Bella kembali menundukkan pandangannya menatap lantai dengan gusar. Miler lantas meraih pergelangannya dan menuntunnya menuju meja makan.
Miler menarik kursi disamping kanannya. Melakukannya untuk Bella. Gadis itu terdiam namun tak urung ia terduduk.
Bella memberanikan diri menatap sekitar ruangan itu. Hanya ruangan makan tapi begitu luas dan elegan. Bella merasa ini bukan hanya ruangan biasa, tapi seperti ruangan hotel atau café ternama yang telihat serba ada. Para pelayan dengan sigap berdiri disetiap sisi tepat di belakang kursi meja makan. Sementara sajian yang tertera di atas meja panjang yang diprediksi untuk 14 orang itu sudah terdapat banyak macam sajian eropa dan beberapa minuman beralkohol yang juga dihidangkan disana.
Bella memalingkan tatapannya menatap ke arah pasang mata yang tengah memperhatikannya sedari tadi. Sorot mata itu tersirat seribu ancaman dan hawa yang menusuk tajam. Bella kembali menunduk dan menatap lantai bawah.
"Phill! Bisa kau hentikan tatapan itu? Kau membuatnya takut!" gertak Miler protes. Diteliknya balik manik mata Phill dengan tajam. Pria itu tersadar dan mengedik acuh.
"Dengar! Kau tidak perlu memperdulikan tatapannya! Anggap saja dia sebagai kurcaci yang tidak ada guna!" pesan Miler menatap Bella. Gadis itu mendongak dan menatapnya sendu. Sementara Phil nampak berdecak malas.
"Kau menyamakanku dengan kurcaci, Bung?! Fucking!" tukas Phill mendelik. Ia meraih kasar botol dihadapannnya dan meneguknya kilat tanpa gelas. Sementara Petter yang terduduk di samping pria itu hanya mengembangkan senyum ejekannya berulang kali.
"Hei, Bung!" tekan Phill menyenggol lengan Petter. Tatapannya kembali menajam ke arah pria itu.
Tiba tiba Miler bertepuk sekali dan tak lama beberapa pelayan langsung melakukan tugas mereka. Dengan cekatan dan terampil para pelayan melayani satu orang. Satu pelayan berbanding untuk satu orang.
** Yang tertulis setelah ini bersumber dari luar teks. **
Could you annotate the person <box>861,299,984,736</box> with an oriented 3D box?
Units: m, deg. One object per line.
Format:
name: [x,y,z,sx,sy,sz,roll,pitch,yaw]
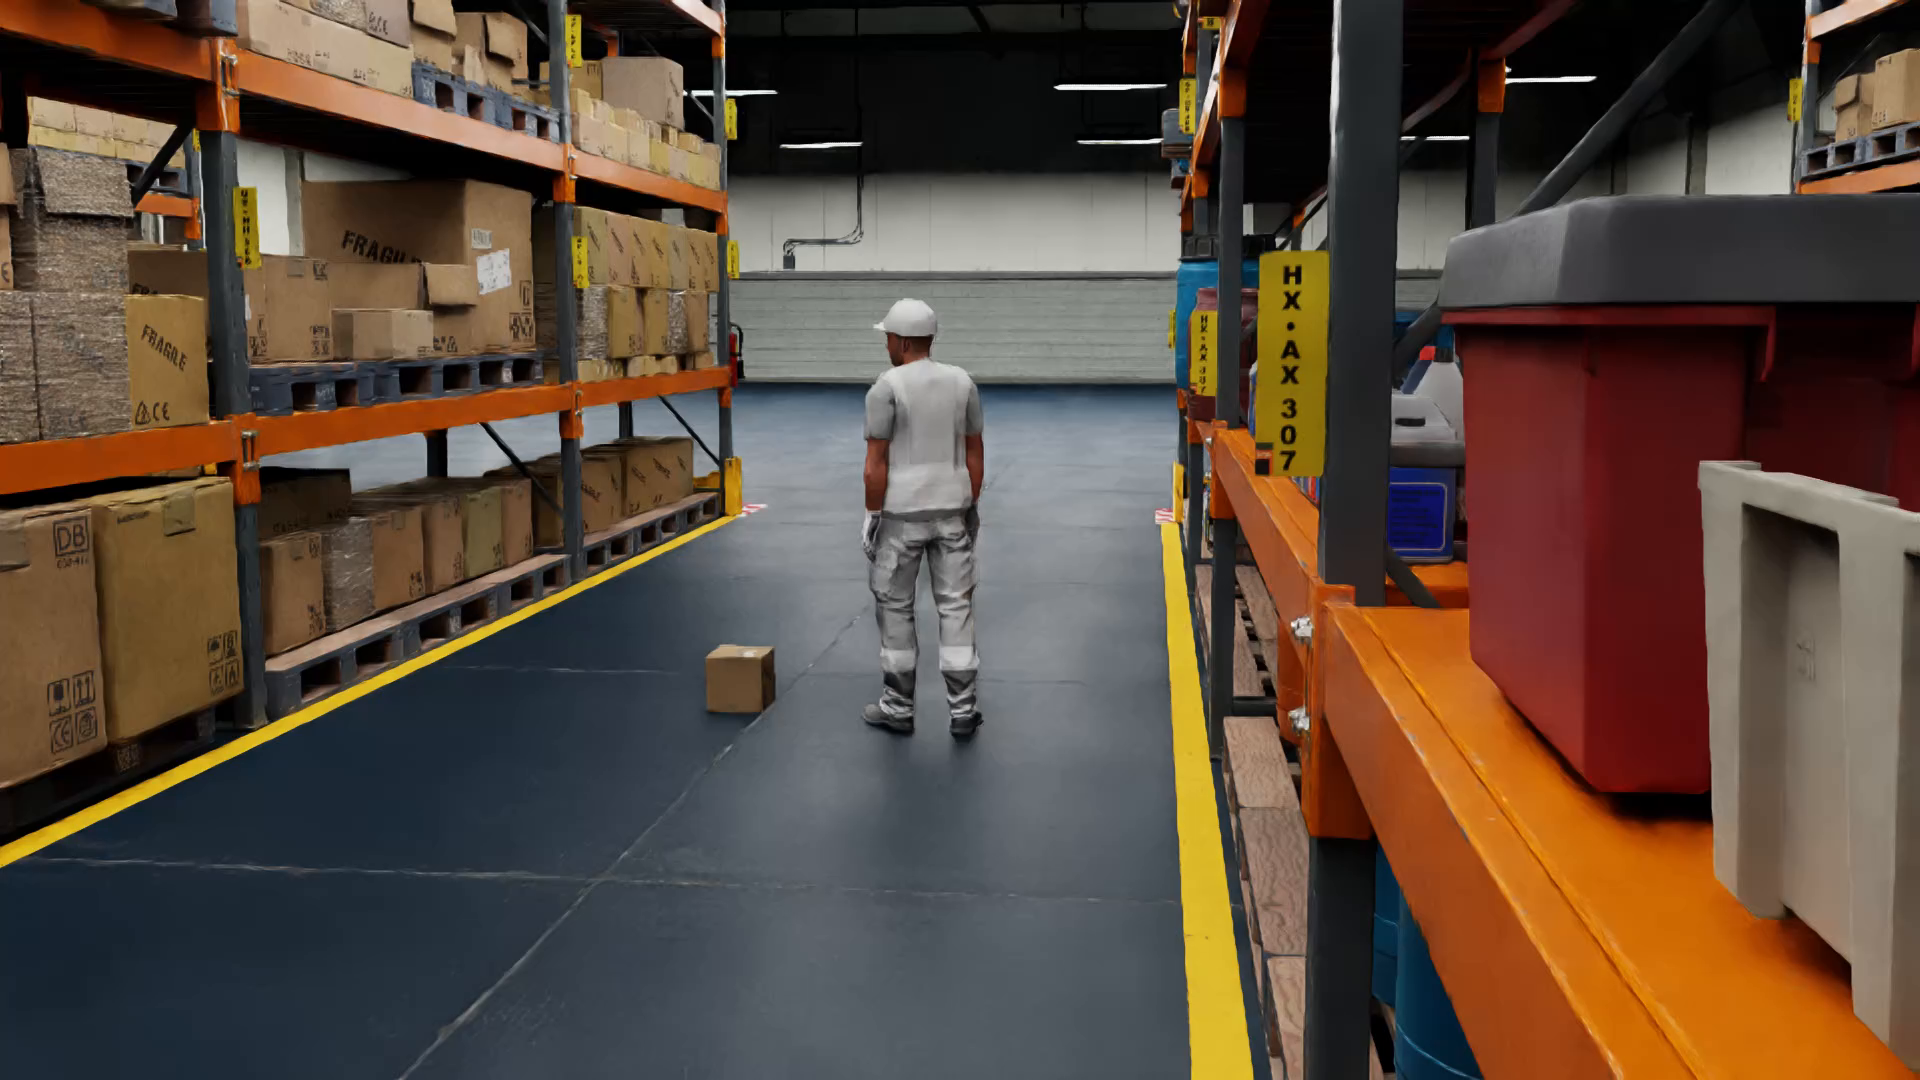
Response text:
person: [-0.163,-0.096,6.892,0.549,1.791,0.538,-3,8,-22]
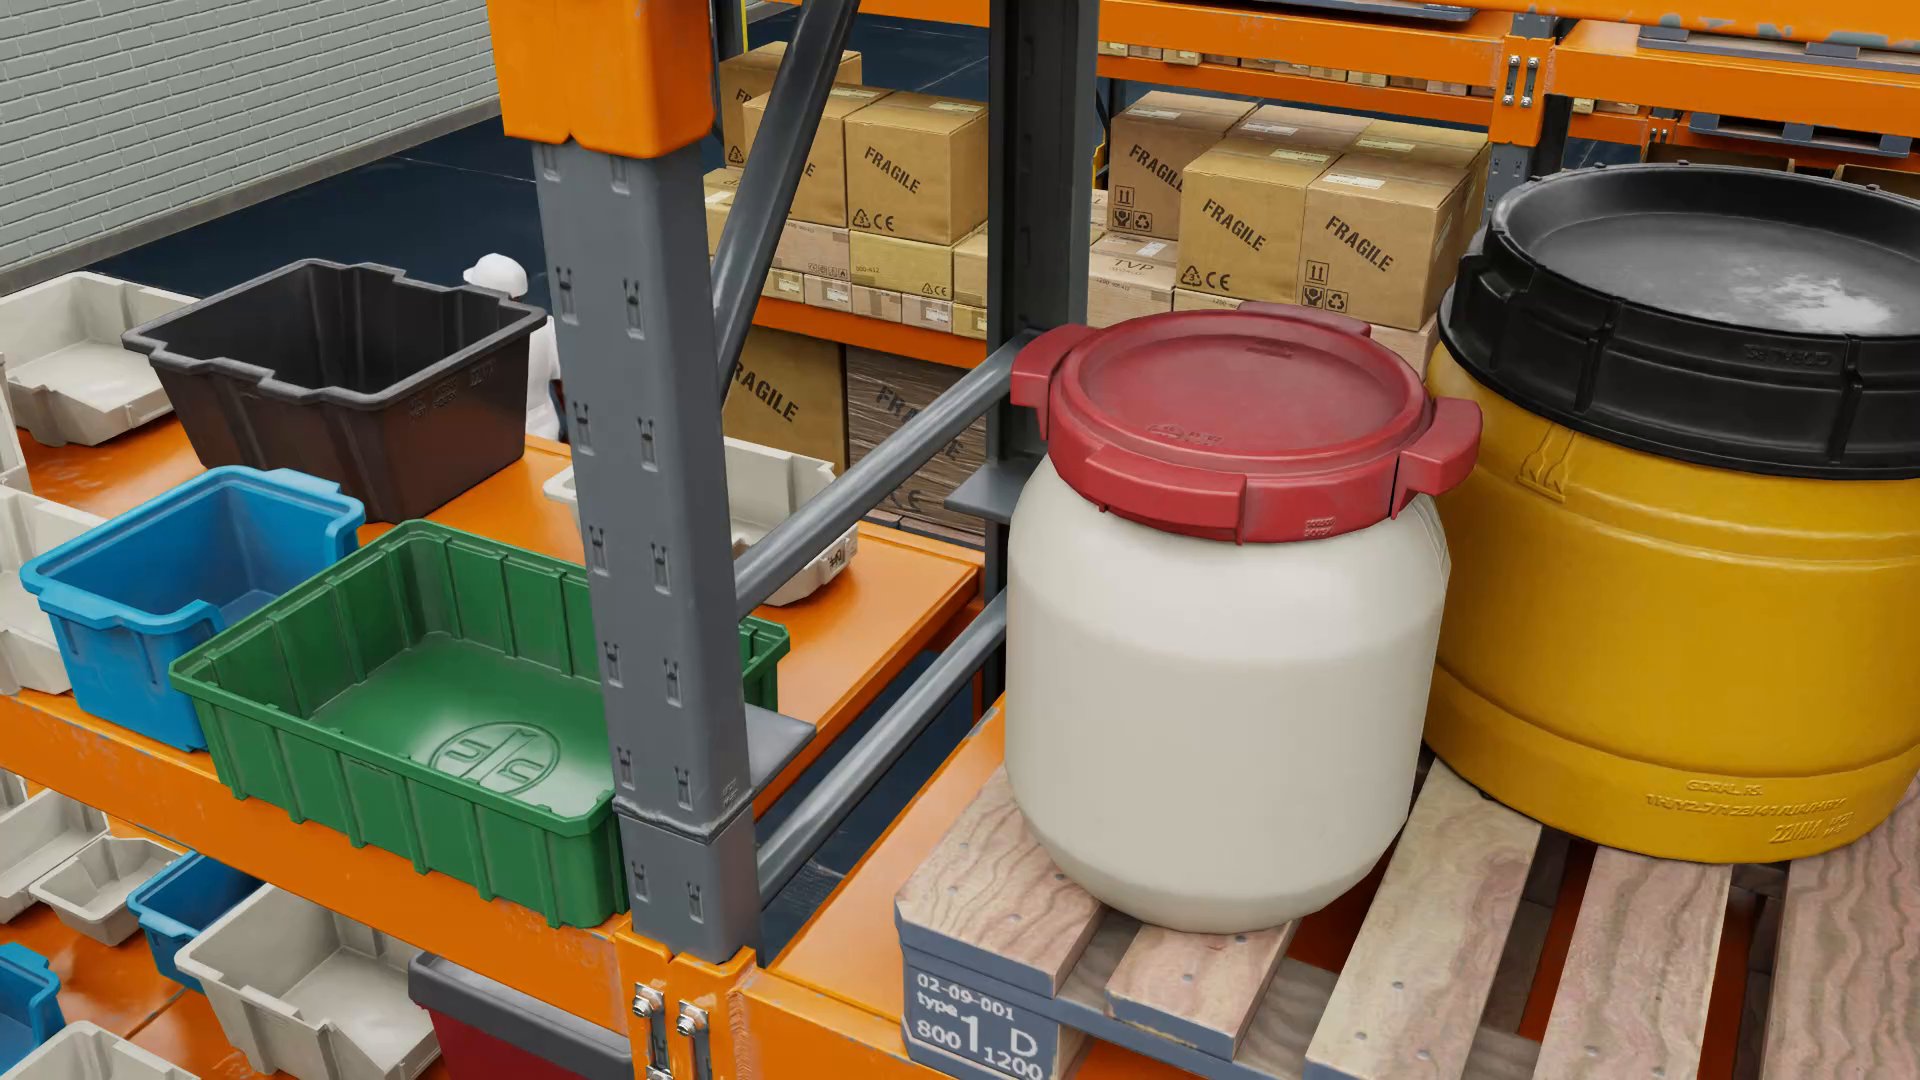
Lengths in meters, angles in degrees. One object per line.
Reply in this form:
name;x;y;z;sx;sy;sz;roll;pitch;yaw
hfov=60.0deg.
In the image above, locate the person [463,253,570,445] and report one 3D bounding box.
person;-2.027;-0.451;7.396;1.039;1.722;0.598;17;34;26

Hidangan mulai tertuang dan tersaji di masing masing tiap piring keramik putih itu. Miler siap menyantap masakan eropa ke dalam mulutnya. Namun melihat Bella yang hanya terdiam menatapi sajiannya membuatnya urung.
"Kau tidak menyukainya? Aku bisa menggantinya dengan makanan kesukaaanmu." tawar Miler datar. Meski datar tanpa eksperisi namun Phill dan Petter dapat dengan jelas melihat raut perhatian pria itu. Pertama kali dan perdana untuk mereka melihat Miler melontarkan perhatian pada seorang gadis. Terlebih gadis itu belum dikenalnya lama. Hanya gadis asing yang ntah dari mana asalnya.
Bella mendongak dan menggeleng. Ia langsung meraih garfu dan pisaunya. Lalu melahap kilat beef itu. Miler kembali berpaling dan melahap makanannya. Pergerakannya yang teratur dan berkelas membuatnya terlihat lebih rileks dengan wajah tenangnya. Sebelumnya Bella belum melihat tampang Miler yang dapat selembut dan memperhatikannya seperti ini. Tapi melihat wajah santai dan tenang Miler ketika menyantap makanan menjadikan Bella ingin terus menatapinya.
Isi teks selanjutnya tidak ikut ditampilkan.